The Bureau of Labor Statistics’ 2019 National Compensation Survey (NCS) found that 51% of workers earning wages in the lowest quarter (hourly wages of $13.80 or less) had access to some form of paid sick leave, compared to 92% of workers in the top quarter (greater than $32.21 per hour), mentioned Drew Desilver of Pew Research Center, a non-partisan think tank.  Among those earning $10.80 an hour or less, only 31% had paid sick leave.

The federal government passed the Families First Coronavirus Response Act to provide paid leave to employees of government agencies and companies with 500 or fewer workers. Pew Research Center said 91% of employees who work for companies with 500 or more had access to paid leave, compared to those working with employer sizes of 100 to 499 employees (81%), 50 to 99 (71%), and one to 49 (64%). However, there is no bill that protects the rights of all employees to have access to paid leave.

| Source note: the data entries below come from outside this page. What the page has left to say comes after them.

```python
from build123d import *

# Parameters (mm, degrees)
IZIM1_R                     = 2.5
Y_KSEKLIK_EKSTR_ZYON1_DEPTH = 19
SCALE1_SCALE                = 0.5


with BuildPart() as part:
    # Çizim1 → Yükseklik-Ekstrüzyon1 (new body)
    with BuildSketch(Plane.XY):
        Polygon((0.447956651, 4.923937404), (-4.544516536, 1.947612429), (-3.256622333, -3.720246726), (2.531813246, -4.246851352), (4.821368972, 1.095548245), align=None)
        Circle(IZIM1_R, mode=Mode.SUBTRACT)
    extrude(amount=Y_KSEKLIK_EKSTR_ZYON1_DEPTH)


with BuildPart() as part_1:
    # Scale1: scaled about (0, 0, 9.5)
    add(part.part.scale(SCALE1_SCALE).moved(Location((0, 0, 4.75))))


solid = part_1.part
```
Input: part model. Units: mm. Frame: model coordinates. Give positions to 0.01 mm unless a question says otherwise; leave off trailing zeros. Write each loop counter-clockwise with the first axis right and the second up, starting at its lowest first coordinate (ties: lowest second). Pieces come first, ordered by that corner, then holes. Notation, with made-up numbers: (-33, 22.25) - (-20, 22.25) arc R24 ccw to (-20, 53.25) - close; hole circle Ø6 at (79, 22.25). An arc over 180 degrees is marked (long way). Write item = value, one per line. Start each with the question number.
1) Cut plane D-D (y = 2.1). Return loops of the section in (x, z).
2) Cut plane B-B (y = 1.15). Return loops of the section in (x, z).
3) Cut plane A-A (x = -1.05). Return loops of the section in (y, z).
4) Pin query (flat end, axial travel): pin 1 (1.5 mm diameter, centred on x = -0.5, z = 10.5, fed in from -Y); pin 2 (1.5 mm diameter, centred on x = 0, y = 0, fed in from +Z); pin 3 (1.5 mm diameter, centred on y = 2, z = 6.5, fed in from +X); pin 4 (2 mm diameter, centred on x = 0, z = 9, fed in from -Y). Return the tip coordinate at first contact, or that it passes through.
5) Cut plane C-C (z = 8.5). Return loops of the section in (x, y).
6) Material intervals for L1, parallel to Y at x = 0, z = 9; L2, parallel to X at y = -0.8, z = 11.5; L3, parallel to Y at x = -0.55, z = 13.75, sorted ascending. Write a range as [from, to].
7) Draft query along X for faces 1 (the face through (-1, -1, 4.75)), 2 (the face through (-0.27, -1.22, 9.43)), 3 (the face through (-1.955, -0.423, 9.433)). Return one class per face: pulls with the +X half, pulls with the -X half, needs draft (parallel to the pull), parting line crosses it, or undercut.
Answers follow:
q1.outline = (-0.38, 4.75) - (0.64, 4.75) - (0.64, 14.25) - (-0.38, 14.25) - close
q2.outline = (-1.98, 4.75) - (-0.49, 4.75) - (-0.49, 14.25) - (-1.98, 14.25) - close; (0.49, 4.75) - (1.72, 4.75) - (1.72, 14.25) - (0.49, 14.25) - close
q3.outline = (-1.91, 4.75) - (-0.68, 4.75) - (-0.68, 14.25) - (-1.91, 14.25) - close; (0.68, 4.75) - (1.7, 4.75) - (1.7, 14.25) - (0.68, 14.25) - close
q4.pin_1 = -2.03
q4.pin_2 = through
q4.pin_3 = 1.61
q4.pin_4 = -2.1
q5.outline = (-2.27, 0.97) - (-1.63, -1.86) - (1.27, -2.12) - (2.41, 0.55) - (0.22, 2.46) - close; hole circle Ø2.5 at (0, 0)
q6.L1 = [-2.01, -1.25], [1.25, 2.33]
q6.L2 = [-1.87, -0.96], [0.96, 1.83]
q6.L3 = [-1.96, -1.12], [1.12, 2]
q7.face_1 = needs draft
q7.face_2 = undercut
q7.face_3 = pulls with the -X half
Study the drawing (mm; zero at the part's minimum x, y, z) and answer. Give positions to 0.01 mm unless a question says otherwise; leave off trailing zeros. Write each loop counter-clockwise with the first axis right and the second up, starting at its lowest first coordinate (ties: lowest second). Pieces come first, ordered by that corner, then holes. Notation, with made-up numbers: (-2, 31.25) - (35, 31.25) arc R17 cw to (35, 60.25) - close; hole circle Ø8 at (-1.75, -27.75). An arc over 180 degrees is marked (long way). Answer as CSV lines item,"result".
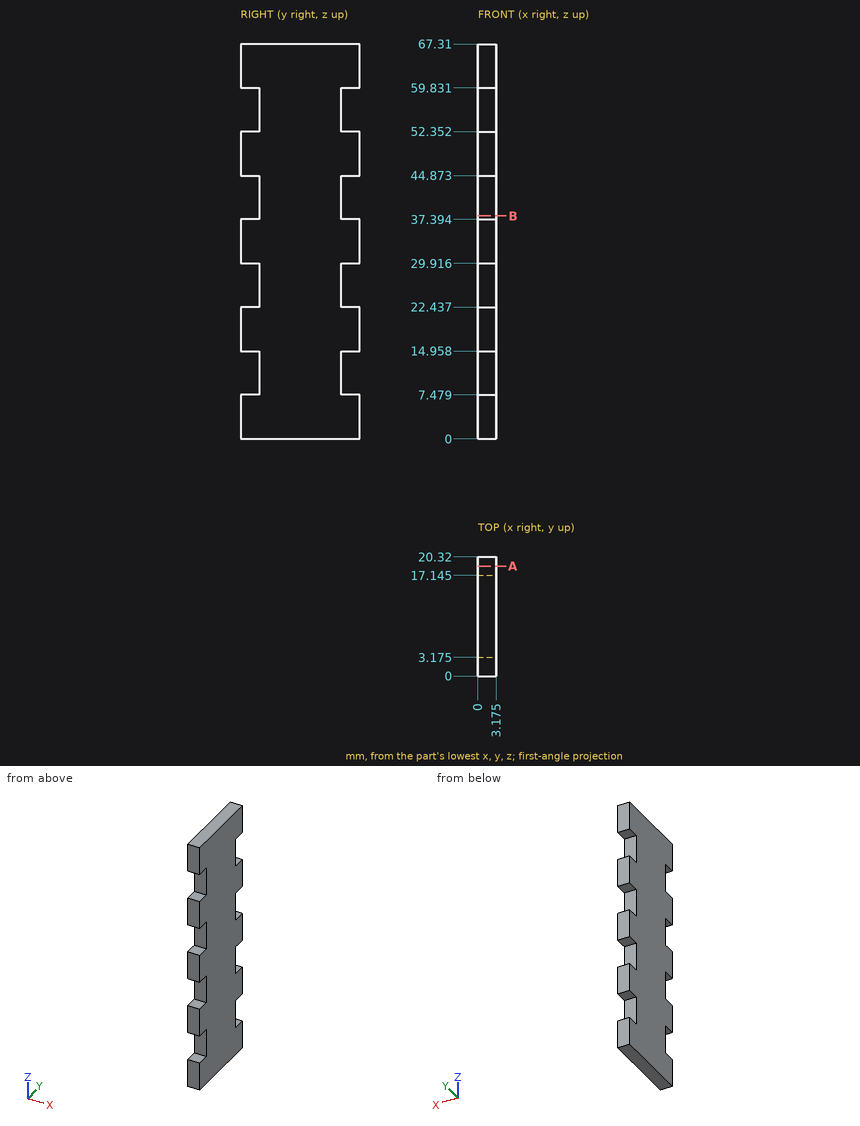
(1) A cutting plane is placed at B-B (z = 38). Write down the section's boundary in (x, y) (1 decimal).
Worked out:
outline,"(0, 3.2) - (3.2, 3.2) - (3.2, 17.1) - (0, 17.1) - close"
(2) Find the intervals of material crossed by L1, parallel to Z at x = 0.65, y = 17.75 (1 decimal); L2, parallel to Y at x = 2.65, z = 53 (1 decimal), in increasing order.
Worked out:
L1,"z = 0 to 7.5, 15 to 22.4, 29.9 to 37.4, 44.9 to 52.4, 59.8 to 67.3"
L2,"y = 3.2 to 17.1"
(3) A cutting plane is placed at A-A (y = 18.75). Write down the section's boundary in (x, z) (1 decimal).
Worked out:
outline,"(0, 0) - (3.2, 0) - (3.2, 7.5) - (0, 7.5) - close; (0, 15) - (3.2, 15) - (3.2, 22.4) - (0, 22.4) - close; (0, 29.9) - (3.2, 29.9) - (3.2, 37.4) - (0, 37.4) - close; (0, 44.9) - (3.2, 44.9) - (3.2, 52.4) - (0, 52.4) - close; (0, 59.8) - (3.2, 59.8) - (3.2, 67.3) - (0, 67.3) - close"
(4) Each of these flat-tipped pins is pushed along its axis until it touches: P1, Ø1.6, axis at x = 1.5, z = 26, coming from the +Y side (3 decimals); P2, Ø1.6, axis at x = 1, z = 10.5, coming from the -Y side (3 decimals). Where does it stop, or does it pass through?
Worked out:
P1,"stops at y = 17.145"
P2,"stops at y = 3.175"

Raghu argued that there is a need for legal, policy, and cultural changes to help women transition from low-wage jobs to careers that enable them to advance in the workplace. She said more women should be provided with permanent paid sick leave, paid family and medical leaves— and not just for emergencies.



A Reminder Low Wage Workers Are Not “Low Skill”

We tend to stereotype low-wage workers to be “low-skill,” reinforcing the belief that they lack the intelligence and ambition to learn “higher-order” skilled work, said Byron Auguste of business news Forbes. People tend to assume that the work and tasks low-wage employees do are low-value. Other than a skills gap, there is also an opportunity gap that screens out job seekers who lack selective college degrees and professional experience. This prevents them from being hired for what they are prepared to do at work, as well as the skills they learn along the way.

As we continue to misjudge the capabilities of low-wage workers, we are also stopping ourselves from fostering the values of fairness and equality of opportunity. Moreover, existing stereotypes against low-wage workers stop them from contributing, sharing, and earning more work, ideas, and wages. 

A person’s wage does not define their worth. Regardless of one’s occupation, all meaningful work that aids in the advancement of society deserves dignity. Undervaluing the work done by low-wage workers is often untrue and unfair and hinders the society from seeing a brighter economic future.

Low-wage workers such as cashiers are in the frontlines serving our needs during the outbreak. We should not devalue their work just because their occupations are low-wage. In fact, they should be treated equally and with respect— that would mean closing the gender pay gap and providing equal access to paid leaves.